Compare and contrast coord_cartesian()
vs xlim()
or ylim()
when zooming in on a histogram. What happens if you leave binwidth
unset? What happens if you try and zoom so only half a bar shows?
ggplot(data = diamonds) +
geom_histogram(mapping = aes(x = y), binwidth = 0.5) +
# limit the y-axis to btw 0-50!
# Note to self: DON'T CONFUSE with the x-axis
# which is named `y`!!
coord_cartesian(ylim = c(0,50)) +
labs(x = "The variable y in the diamonds dataset")
ggplot(data = diamonds) +
geom_histogram(mapping = aes(x = y), binwidth = 0.5) +
ylim(c(0,50)) +
labs(x = "The variable y in the diamonds dataset")
ggplot(data = diamonds) +
geom_histogram(mapping = aes(x = y)) +
ylim(c(0,50)) +
labs(x = "The variable y in the diamonds dataset")
Documentation reads: “This is a shortcut for supplying the limits argument to the individual scales.
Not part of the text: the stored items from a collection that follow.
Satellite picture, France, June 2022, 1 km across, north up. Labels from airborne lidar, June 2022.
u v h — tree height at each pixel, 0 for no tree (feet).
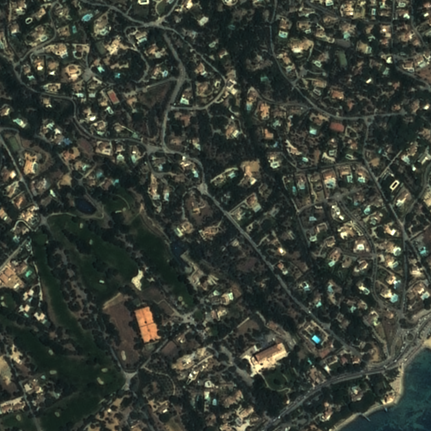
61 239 0
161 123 40
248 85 27
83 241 40
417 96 35
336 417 50
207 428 53
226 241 25
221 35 21
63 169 61
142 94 27
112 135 36
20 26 23
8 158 32
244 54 27
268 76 48
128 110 30
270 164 26
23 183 38
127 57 24
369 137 24
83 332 0
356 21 43
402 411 0
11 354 20
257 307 34
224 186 27
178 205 19
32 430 0
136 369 21
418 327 0
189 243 24
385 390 36
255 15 27
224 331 30
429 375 0
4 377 0
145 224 0
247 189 26
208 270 31
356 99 37
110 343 32
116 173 41
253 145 22
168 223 20
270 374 58
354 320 32
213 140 32
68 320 0
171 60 30
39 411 30
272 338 0
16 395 38
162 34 44
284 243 22
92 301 31
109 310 0
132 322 34
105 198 38
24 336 0
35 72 27
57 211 41
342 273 0
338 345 44
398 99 44
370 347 42
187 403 34
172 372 24
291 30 27
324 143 25
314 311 44
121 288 40
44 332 28
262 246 30
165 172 36
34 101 25
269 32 28
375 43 47
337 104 36
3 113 0
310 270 25
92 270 0
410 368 0
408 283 18
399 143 42
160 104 21
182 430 0
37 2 32
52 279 0
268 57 26
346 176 0
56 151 40
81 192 39
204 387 27
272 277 38
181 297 0
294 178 31
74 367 0
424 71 0
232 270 62
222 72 23
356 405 55
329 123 23
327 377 24
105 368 0
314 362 21
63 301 0
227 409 31
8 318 33
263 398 46
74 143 30
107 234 51
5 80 37
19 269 0
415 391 0
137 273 0
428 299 36
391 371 19
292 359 36
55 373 0
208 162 36
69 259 23
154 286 48
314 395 21
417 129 33
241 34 32
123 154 36
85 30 17
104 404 24
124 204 0
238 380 32
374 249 31
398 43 47
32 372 28
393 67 18
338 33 18
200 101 50
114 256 0
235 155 22
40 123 28
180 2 23
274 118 21
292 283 39
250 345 18
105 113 28
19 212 19
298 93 24
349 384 28
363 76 46
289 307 47
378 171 52
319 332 35
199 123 24
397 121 28
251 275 30
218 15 33
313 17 40
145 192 18
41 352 0
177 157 43
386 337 0
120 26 33
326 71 20
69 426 42
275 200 22
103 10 36
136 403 39
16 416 0
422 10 22
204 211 0
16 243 25
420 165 47
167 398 31
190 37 33
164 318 21
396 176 43
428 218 25
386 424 0
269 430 32
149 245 0
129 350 0
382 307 0
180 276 40
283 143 21

Note that, by default, any values outside the limits will be replaced with NA.” So ylim()
and xlim()
replace values outside the limit with NULL values resulting in the histogram being quite different to what we have when we use coord_cartesian()
.
If we don’t supply a binwidth ggplot defaults the number of bins to display to 30, and hence implicitly picks a binwidth for us.
When you have weird values for variables, e.g. the ~59 mm for y, you may be tempted to drop these values and carry on. Often though a dataset is not nice and neat with all it’s weird values in a few observations! Usually the weird values are spread over multiple observations!
diamonds %>%
mutate(row_num = row_number()) %>%
filter(x==0 | y==0 | z==0) %>%
gt()
carat | cut | color | clarity | depth | table | price | x | y | z | row_num |
---|---|---|---|---|---|---|---|---|---|---|
1.00 | Premium | G | SI2 | 59.1 | 59 | 3142 | 6.55 | 6.48 | 0 | 2208 |
1.01 | Premium | H | I1 | 58.1 | 59 | 3167 | 6.66 | 6.60 | 0 | 2315 |
1.10 | Premium | G | SI2 | 63.0 | 59 | 3696 | 6.50 | 6.47 | 0 | 4792 |
1.01 | Premium | F | SI2 | 59.2 | 58 | 3837 | 6.50 | 6.47 | 0 | 5472 |
1.50 | Good | G | I1 | 64.0 | 61 | 4731 | 7.15 | 7.04 | 0 | 10168 |
1.07 | Ideal | F | SI2 | 61.6 | 56 | 4954 | 0.00 | 6.62 | 0 | 11183 |
1.00 | Very Good | H | VS2 | 63.3 | 53 | 5139 | 0.00 | 0.00 | 0 | 11964 |
1.15 | Ideal | G | VS2 | 59.2 | 56 | 5564 | 6.88 | 6.83 | 0 | 13602 |
1.14 | Fair | G | VS1 | 57.5 | 67 | 6381 | 0.00 | 0.00 | 0 | 15952 |
2.18 | Premium | H | SI2 | 59.4 | 61 | 12631 | 8.49 | 8.45 | 0 | 24395 |
1.56 | Ideal | G | VS2 | 62.2 | 54 | 12800 | 0.00 | 0.00 | 0 | 24521 |
2.25 | Premium | I | SI1 | 61.3 | 58 | 15397 | 8.52 | 8.42 | 0 | 26124 |
1.20 | Premium | D | VVS1 | 62.1 | 59 | 15686 | 0.00 | 0.00 | 0 | 26244 |
2.20 | Premium | H | SI1 | 61.2 | 59 | 17265 | 8.42 | 8.37 | 0 | 27113 |
2.25 | Premium | H | SI2 | 62.8 | 59 | 18034 | 0.00 | 0.00 | 0 | 27430 |
2.02 | Premium | H | VS2 | 62.7 | 53 | 18207 | 8.02 | 7.95 | 0 | 27504 |
2.80 | Good | G | SI2 | 63.8 | 58 | 18788 | 8.90 | 8.85 | 0 | 27740 |
0.71 | Good | F | SI2 | 64.1 | 60 | 2130 | 0.00 | 0.00 | 0 | 49557 |
0.71 | Good | F | SI2 | 64.1 | 60 | 2130 | 0.00 | 0.00 | 0 | 49558 |
1.12 | Premium | G | I1 | 60.4 | 59 | 2383 | 6.71 | 6.67 | 0 | 51507 |
Throwing away all observations where a variable has weird values can result in a serious shrinking of your dataset.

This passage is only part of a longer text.